El día después: La hora de sumar a todos los talentos
Cuando se vuelve la vista atrás, la distancia que hay entre lo que fue y lo que pudo ser muchas veces provoca estremecimiento. Es que saber que lo que pasó pudo no haber pasado y viceversa (lo que no pasó pudo haber pasado), cuando es muy frágil la frontera entre uno u otro desenlace, hace que uno tenga una sensación de desnudez frente al destino.
En el fútbol, cuando la suerte se define por penales es tan fugaz, tan pequeña esa diferencia que parece que la tarea de intentar controlar el destino, en la que mucho empeño ponemos cada día en esta vida (llegamos con sólo una certeza; lo demás se hace al andar), se vuelve casi un imposible.
No es lo mismo ganar o perder jugando de arco a arco durante el tiempo que dure un partido (con alargue incluido), que echar todo lo que se ha pensado, luchado y creado a una definición con remates desde los 12 pasos, frente a un arco solo.
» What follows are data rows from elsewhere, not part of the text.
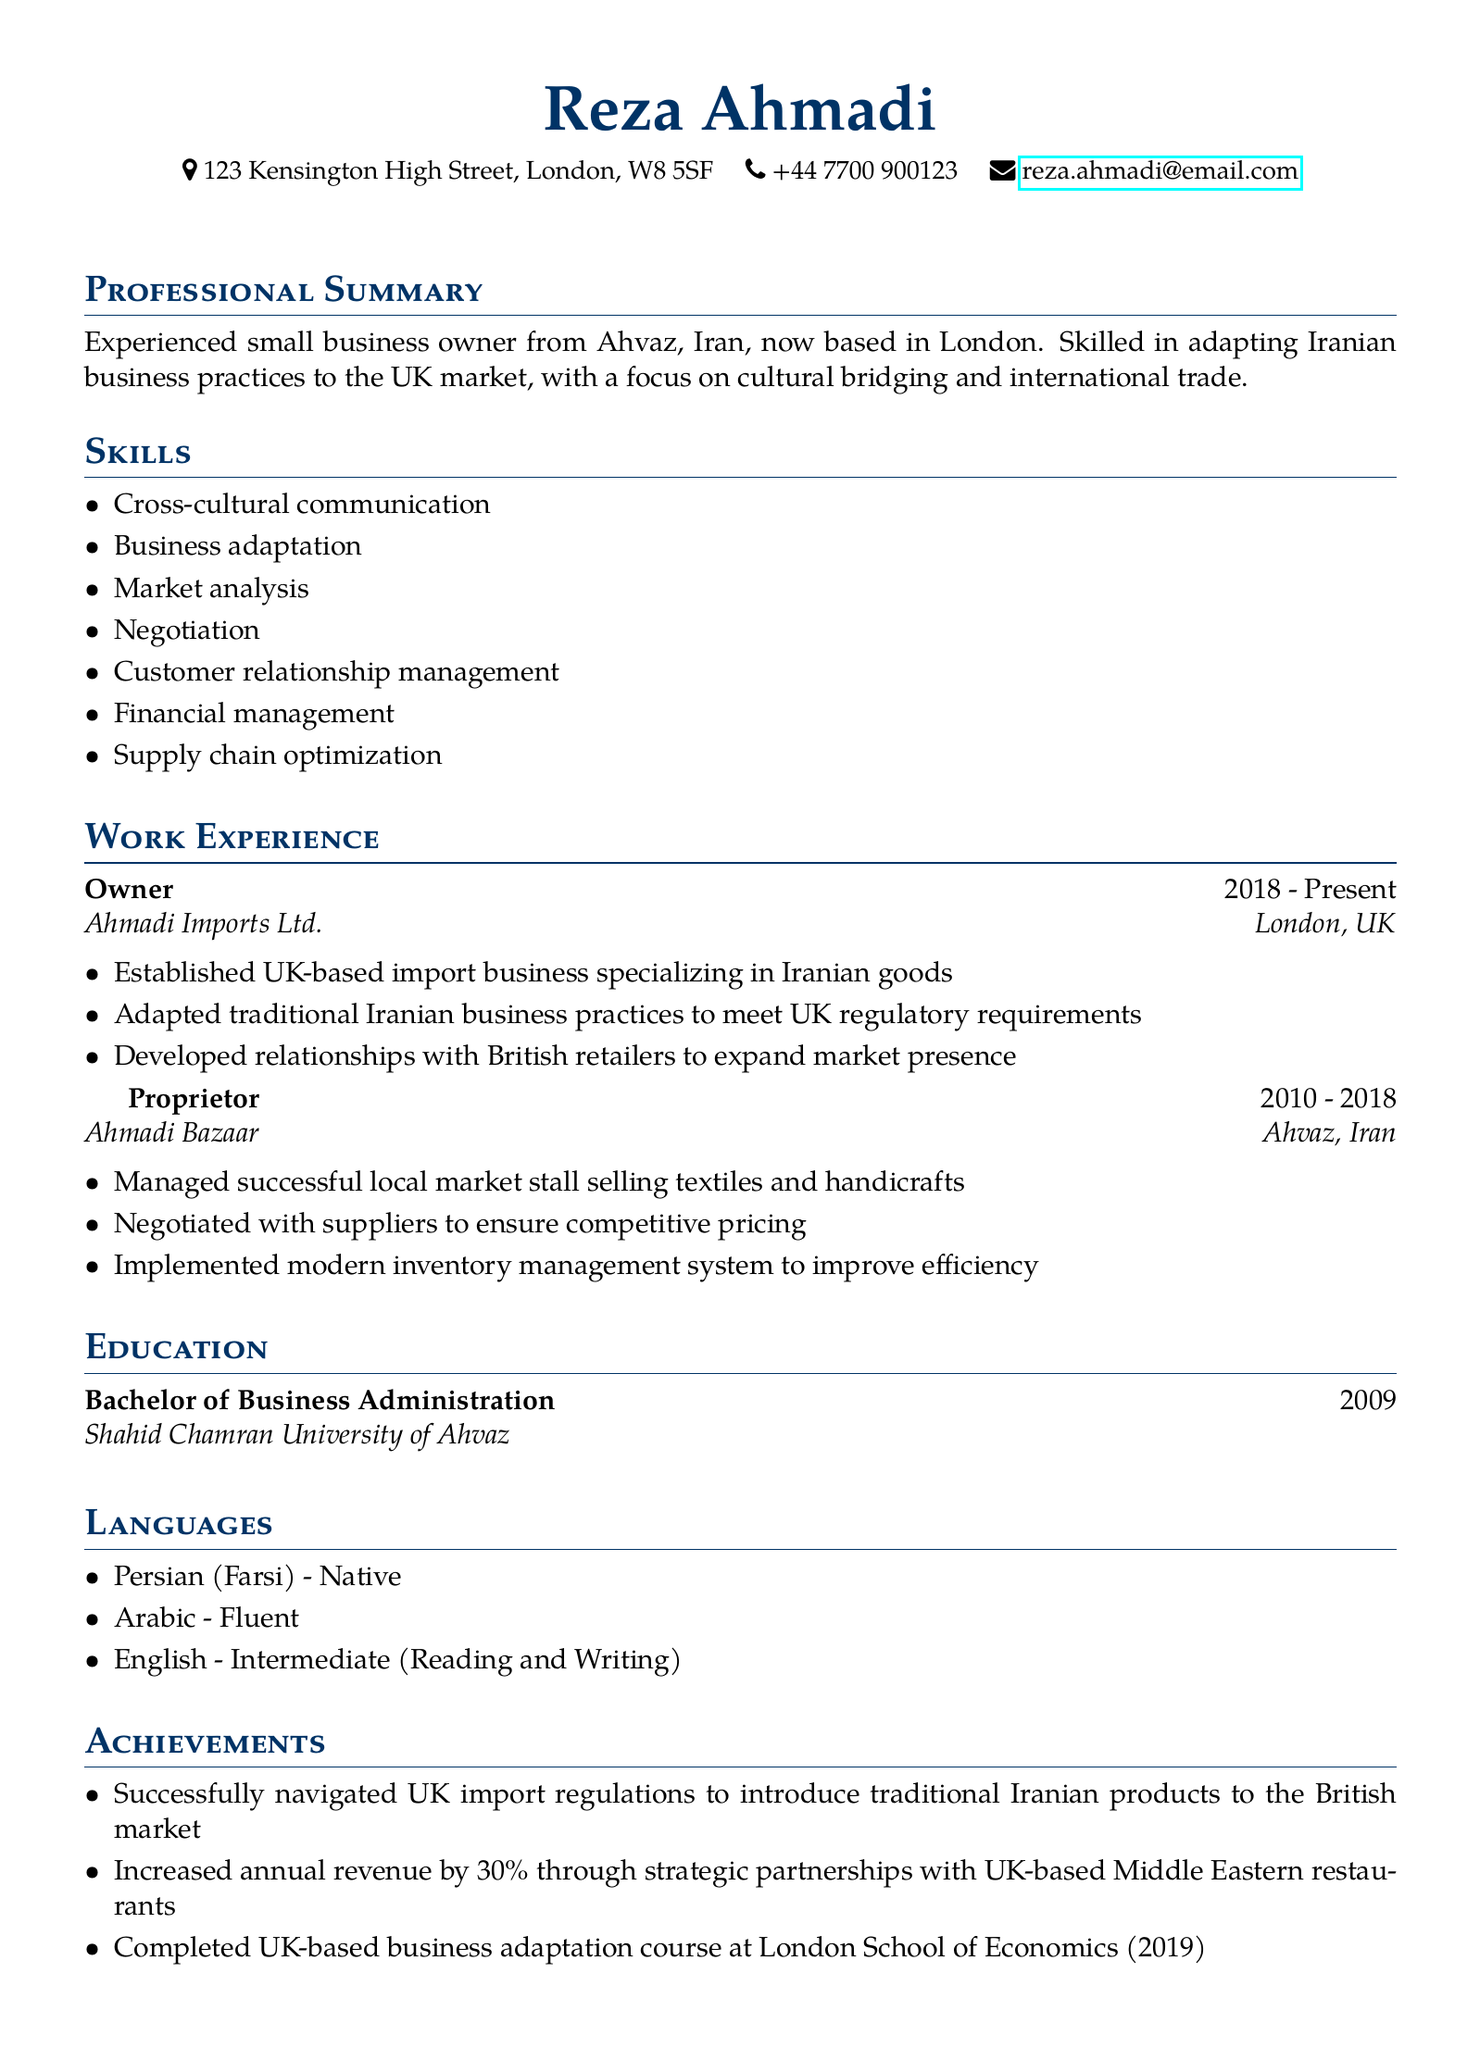what is the name of the individual? The name of the individual is stated prominently at the top of the document.
Answer: Reza Ahmadi what is the email address provided in the document? The email address is given in the contact information section.
Answer: reza.ahmadi@email.com what degree did Reza earn? The document specifies the degree attained and the institution where it was completed.
Answer: Bachelor of Business Administration how long did Reza run Ahmadi Bazaar? The duration of Reza's experience as a proprietor at Ahmadi Bazaar is mentioned in the work experience section.
Answer: 2010 - 2018 what was the percentage increase in annual revenue? The achievement section provides the exact percentage increase in revenue.
Answer: 30% which language is listed as native? The languages section indicates the proficiency levels of various languages.
Answer: Persian (Farsi) what type of business does Ahmadi Imports Ltd. specialize in? The type of business is described under the responsibilities for the Owner position.
Answer: Iranian goods what was completed in 2019? The achievements section outlines significant accomplishments, one of which was completed in 2019.
Answer: UK-based business adaptation course who managed a successful local market stall? The work experience section clearly identifies the role of Reza in managing the market stall.
Answer: Reza Ahmadi

En el juego pueden influir muchos elementos para que las cosas resulten de un modo, pero por más que uno proteste contra la manera en que se dieron o disfrute de esos, sabe que, al fin y al cabo, así son las reglas.
Pero en los penales… puff, qué bravo se pone todo. Frente a la pantalla uno se aferra a objetos e incluso pensamientos que cree que pueden torcer el rumbo a nuestro favor, y se deja atropellar por el corazón que, frente a esa delgadísima línea que divide lo que pasa y lo que no, no tiene más remedio que llevar los latidos a marcha forzada.
Sin embargo, cuesta creer que los penales son pura lotería, como se suele repetir. Más bien pasa que en esa instancia son otras las cualidades que deben hacerse pesar, o acaso son las mismas pero con mayor exigencia. Por ejemplo: personalidad, decisión, confianza, velocidad de reflejos, intuición, buena lectura de los movimientos del oponente. Es decir, lo que se necesita siempre para lograr algo, pero subrayado y en un instante.
Cada uno sabe hasta que punto llegó su sufrimiento en el tremendo final de duelo frente a Holanda. Lo maravilloso fue que pasamos nosotros, aunque nos hayamos inundado de lágrimas en el festejo. El día después de los penales, esa tibia caricia que sólo pueden dar victorias así se reflejaban en las caras de la gente que trajinaba la ciudad.
De todos modos, nada de lo pensado, luchado y creado fue en vano: precisamente, sirvió para llegar a los penales, y si en algún momento arañamos el gol de la liberación, también se nos subió la agonía a la garganta (la tapada de Mascherano a Robben será la eterno foto que prueba que también se puede ser héroe defendiendo).
Lo que Argentina mostró el miércoles es algo que, personalmente, uno hacía tiempo que tenía ganas de ver en una selección: jugar con inteligencia, entrega y solidaridad, sin improvisación ni soberbia, pensando en una estrategia capaz de desbaratar a la también compleja que presentará el rival, en este caso uno de los más potentes equipos que había mostrado la Copa.
El planteo que dibujó Alejandro Sabella, interpretado de gran manera por los jugadores –con algunas tareas brillantes como la de Mascherano–, realza todavía más cuando se tiene en cuenta que fue el partido más apagado de Messi.
Es bueno saber que contamos con un iluminado, pero también lo es tener un equipo que sea la suma de todos los talentos.Es lo que necesitamos para el domingo, todos los talentos sumados, incluido el de Messi.